→ Brief
Every line below that has "this" in it should be copied.

(Beginning of Records for the task)

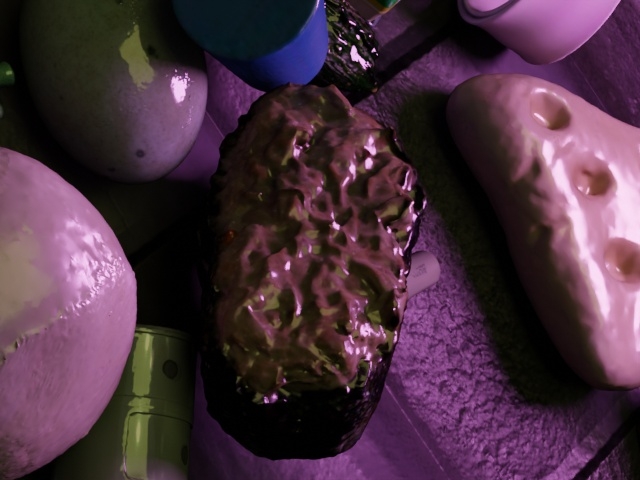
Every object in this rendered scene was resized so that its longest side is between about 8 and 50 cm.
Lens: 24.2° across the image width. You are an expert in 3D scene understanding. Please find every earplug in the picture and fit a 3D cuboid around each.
[{"bbox_3d":[-0.052,-0.208,1.413,0.132,0.273,0.132,0,85,5],"label":"earplug"}]

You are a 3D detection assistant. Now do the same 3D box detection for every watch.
[{"bbox_3d":[0.259,-0.341,1.703,0.196,0.244,0.231,31,54,-23],"label":"watch"}]

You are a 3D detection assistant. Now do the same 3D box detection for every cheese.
[{"bbox_3d":[0.282,-0.004,1.684,0.351,0.129,0.328,21,64,-27],"label":"cheese"}]

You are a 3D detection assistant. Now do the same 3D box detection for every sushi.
[{"bbox_3d":[-0.014,0.027,1.375,0.211,0.171,0.350,11,56,-5],"label":"sushi"}]

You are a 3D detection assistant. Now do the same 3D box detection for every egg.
[{"bbox_3d":[-0.193,-0.166,1.398,0.169,0.169,0.236,-8,81,-35],"label":"egg"}]

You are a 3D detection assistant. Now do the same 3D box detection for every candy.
[{"bbox_3d":[-0.288,0.072,1.212,0.295,0.185,0.295,-1,101,-5],"label":"candy"}]

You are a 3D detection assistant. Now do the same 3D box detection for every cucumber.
[{"bbox_3d":[-0.064,-0.277,1.562,0.359,0.096,0.096,36,59,-19],"label":"cucumber"}]

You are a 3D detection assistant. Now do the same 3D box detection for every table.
[{"bbox_3d":[-0.177,0.192,1.328,0.126,0.126,0.220,12,70,-30],"label":"table"}]

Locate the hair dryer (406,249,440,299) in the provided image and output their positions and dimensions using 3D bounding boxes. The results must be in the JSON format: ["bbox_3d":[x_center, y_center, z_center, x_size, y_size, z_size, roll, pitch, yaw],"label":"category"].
[{"bbox_3d":[0.028,0.013,1.562,0.219,0.088,0.225,4,59,-38],"label":"hair dryer"}]

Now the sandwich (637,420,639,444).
[{"bbox_3d":[0.437,0.259,1.733,0.094,0.096,0.258,-5,80,-28],"label":"sandwich"}]

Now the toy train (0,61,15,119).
[{"bbox_3d":[-0.390,-0.219,1.308,0.237,0.150,0.369,-23,91,-42],"label":"toy train"}]

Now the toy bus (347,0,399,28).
[{"bbox_3d":[0.004,-0.367,1.591,0.276,0.164,0.134,35,61,-19],"label":"toy bus"}]
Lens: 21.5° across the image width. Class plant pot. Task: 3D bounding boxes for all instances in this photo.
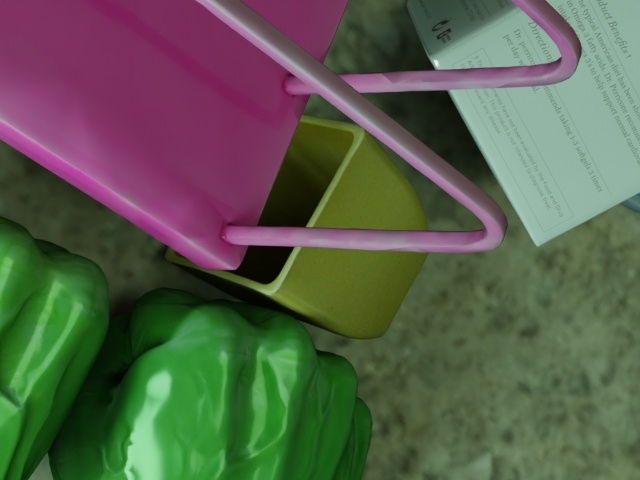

(End of Records for the task)

→ Completed task
Every object in this rendered scene was resized so that its longest side is between about 8 and 50 cm.
Lens: 21.5° across the image width. Class plant pot. Task: 3D bounding boxes for all instances in this photo.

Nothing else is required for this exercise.